Directions for this task
The response consists of the lines from the start of the material below through the line holding "What is the color", repeated word for word and without pictures.

Supplied records
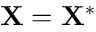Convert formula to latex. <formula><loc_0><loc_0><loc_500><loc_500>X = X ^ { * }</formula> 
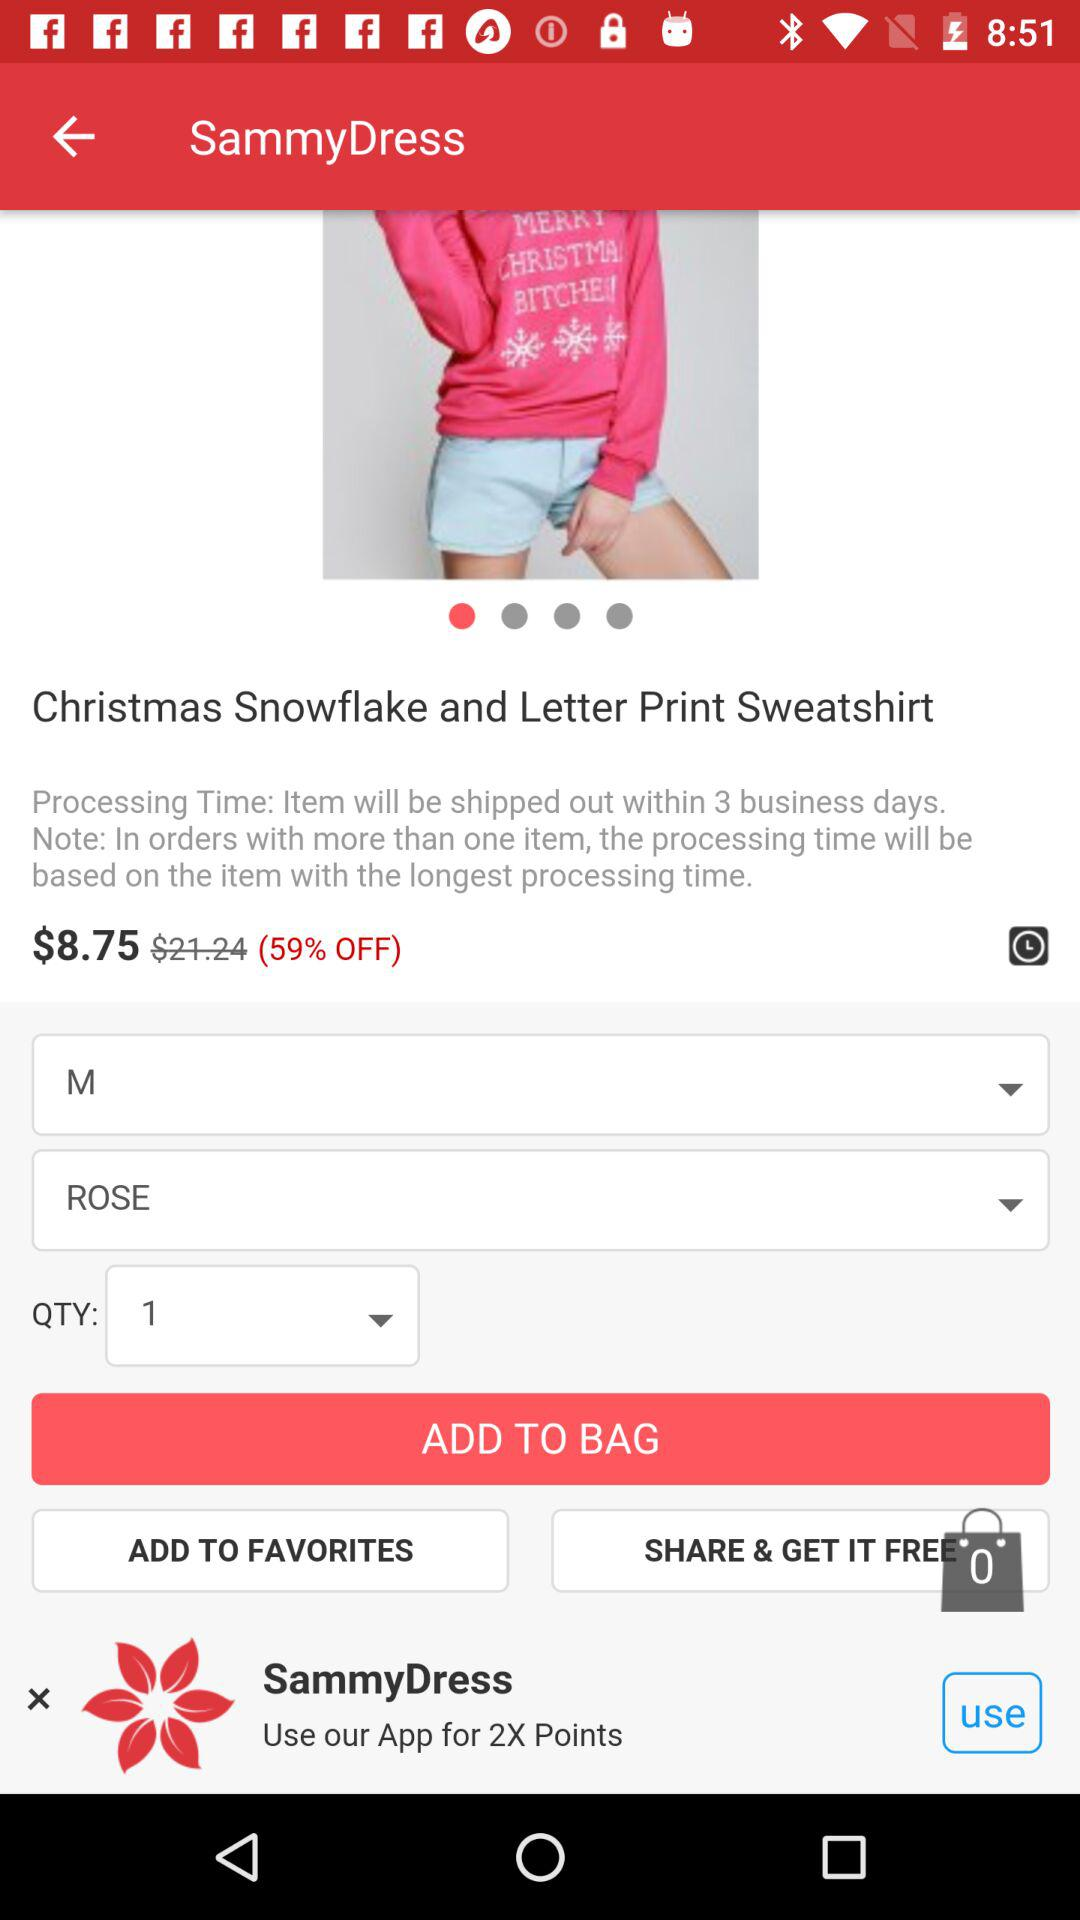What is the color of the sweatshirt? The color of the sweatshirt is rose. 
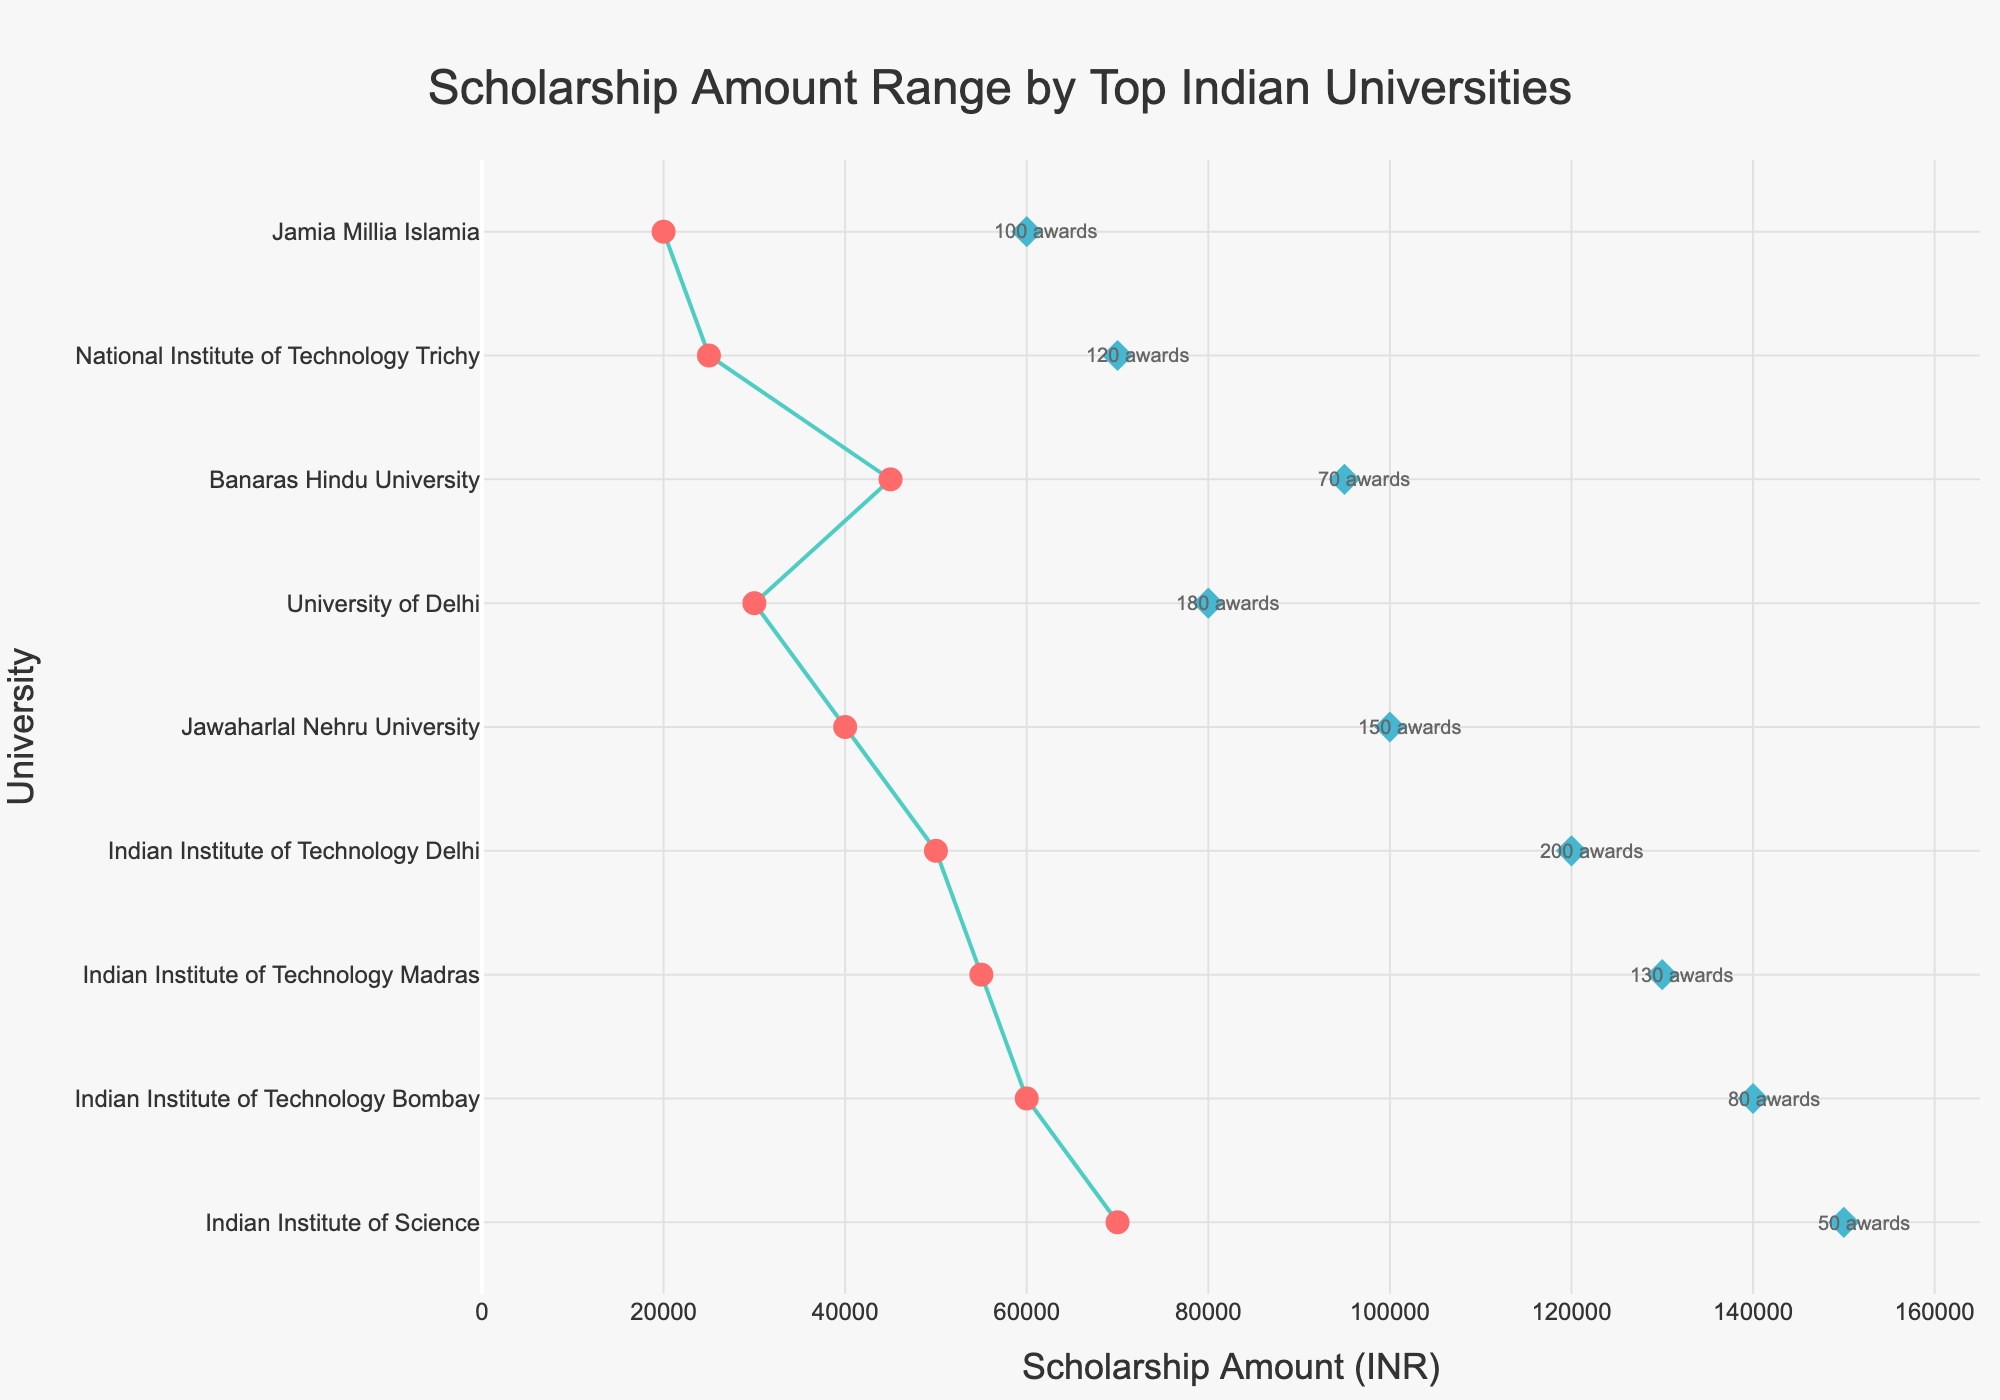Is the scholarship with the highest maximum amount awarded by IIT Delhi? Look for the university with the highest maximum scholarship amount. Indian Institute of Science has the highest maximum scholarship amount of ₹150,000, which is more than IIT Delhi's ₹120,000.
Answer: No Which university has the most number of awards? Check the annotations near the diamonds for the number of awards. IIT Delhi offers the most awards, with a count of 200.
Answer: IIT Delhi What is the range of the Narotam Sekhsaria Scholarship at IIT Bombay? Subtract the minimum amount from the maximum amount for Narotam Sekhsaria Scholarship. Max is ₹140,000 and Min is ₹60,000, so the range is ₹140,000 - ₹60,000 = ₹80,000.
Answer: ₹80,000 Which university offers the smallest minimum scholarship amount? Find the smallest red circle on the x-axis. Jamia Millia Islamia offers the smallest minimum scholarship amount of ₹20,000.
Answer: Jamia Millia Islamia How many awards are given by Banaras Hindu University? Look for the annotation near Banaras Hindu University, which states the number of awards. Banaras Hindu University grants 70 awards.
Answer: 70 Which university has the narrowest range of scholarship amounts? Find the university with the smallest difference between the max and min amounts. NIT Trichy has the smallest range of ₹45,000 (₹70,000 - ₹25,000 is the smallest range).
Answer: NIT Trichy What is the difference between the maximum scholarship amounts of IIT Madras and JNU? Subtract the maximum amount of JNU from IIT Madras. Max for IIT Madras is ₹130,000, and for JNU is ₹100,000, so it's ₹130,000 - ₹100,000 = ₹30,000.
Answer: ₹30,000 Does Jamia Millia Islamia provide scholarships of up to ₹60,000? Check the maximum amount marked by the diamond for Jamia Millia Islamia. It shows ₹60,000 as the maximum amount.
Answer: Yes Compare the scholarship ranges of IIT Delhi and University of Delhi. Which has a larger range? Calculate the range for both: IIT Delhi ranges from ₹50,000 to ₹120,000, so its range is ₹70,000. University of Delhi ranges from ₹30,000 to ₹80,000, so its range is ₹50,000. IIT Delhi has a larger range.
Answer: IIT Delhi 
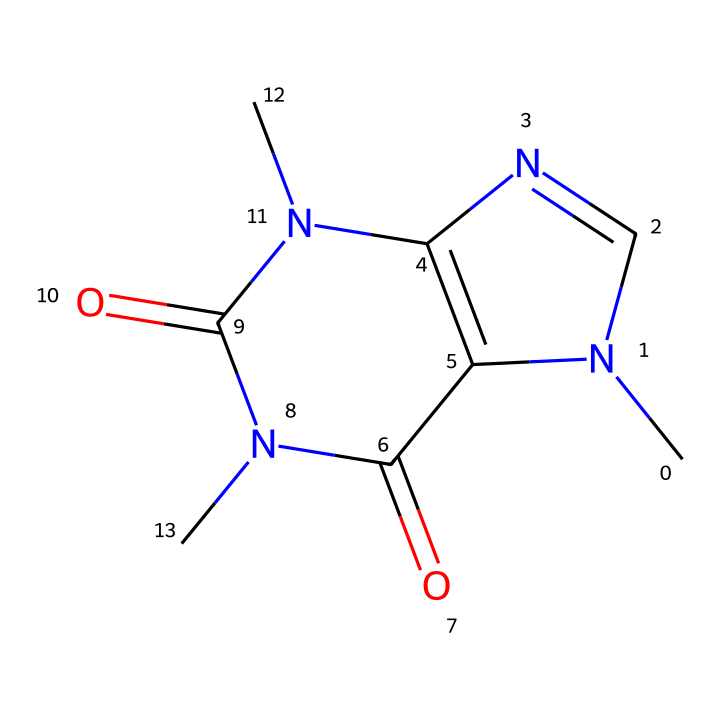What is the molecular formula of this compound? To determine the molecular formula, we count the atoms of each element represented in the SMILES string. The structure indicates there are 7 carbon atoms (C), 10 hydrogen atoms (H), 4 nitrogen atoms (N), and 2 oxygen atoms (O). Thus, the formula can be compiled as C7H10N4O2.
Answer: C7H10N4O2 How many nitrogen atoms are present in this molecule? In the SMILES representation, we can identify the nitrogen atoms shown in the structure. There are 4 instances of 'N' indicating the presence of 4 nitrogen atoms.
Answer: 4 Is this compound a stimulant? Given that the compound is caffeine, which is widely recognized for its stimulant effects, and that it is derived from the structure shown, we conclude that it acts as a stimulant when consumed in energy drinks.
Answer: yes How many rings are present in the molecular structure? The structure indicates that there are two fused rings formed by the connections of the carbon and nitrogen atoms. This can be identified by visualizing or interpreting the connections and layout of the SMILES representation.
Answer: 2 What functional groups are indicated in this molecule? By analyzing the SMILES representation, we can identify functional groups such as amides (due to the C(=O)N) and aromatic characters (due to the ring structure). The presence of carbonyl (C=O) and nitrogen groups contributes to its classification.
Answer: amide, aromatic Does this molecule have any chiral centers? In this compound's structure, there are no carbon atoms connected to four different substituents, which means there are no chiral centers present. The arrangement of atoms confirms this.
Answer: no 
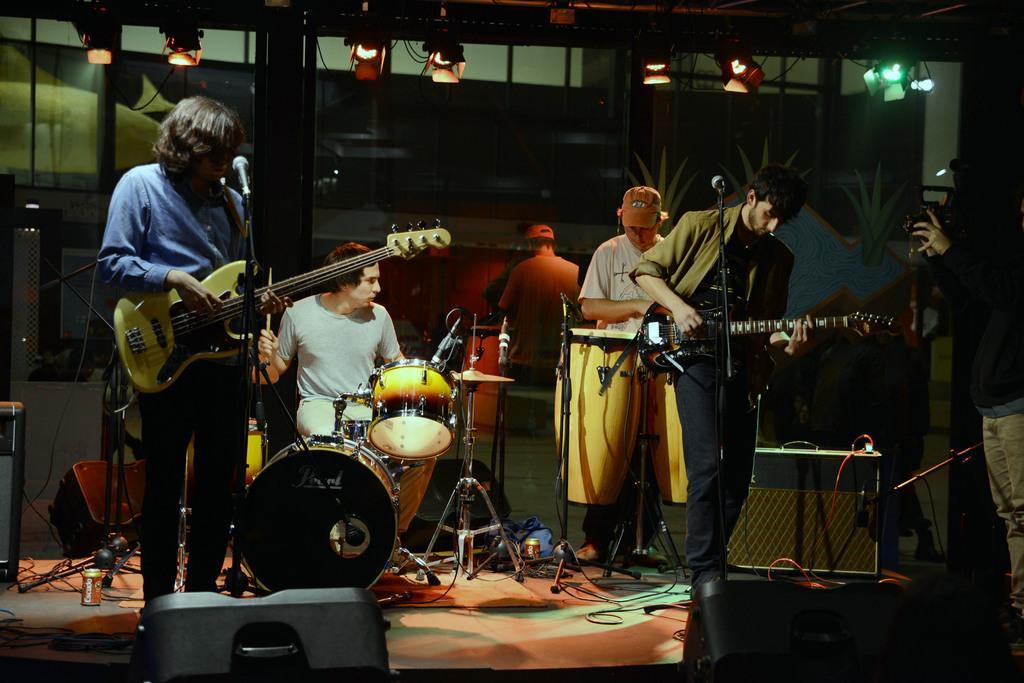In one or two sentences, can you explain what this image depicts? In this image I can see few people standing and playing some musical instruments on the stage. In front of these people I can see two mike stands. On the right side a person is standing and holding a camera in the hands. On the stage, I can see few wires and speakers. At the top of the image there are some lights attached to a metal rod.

Exercise output
Convert formula to latex. <formula><loc_0><loc_0><loc_500><loc_500>X = X ^ { * }</formula> 
What is the color of the sweatshirt? The color of the sweatshirt is rose. 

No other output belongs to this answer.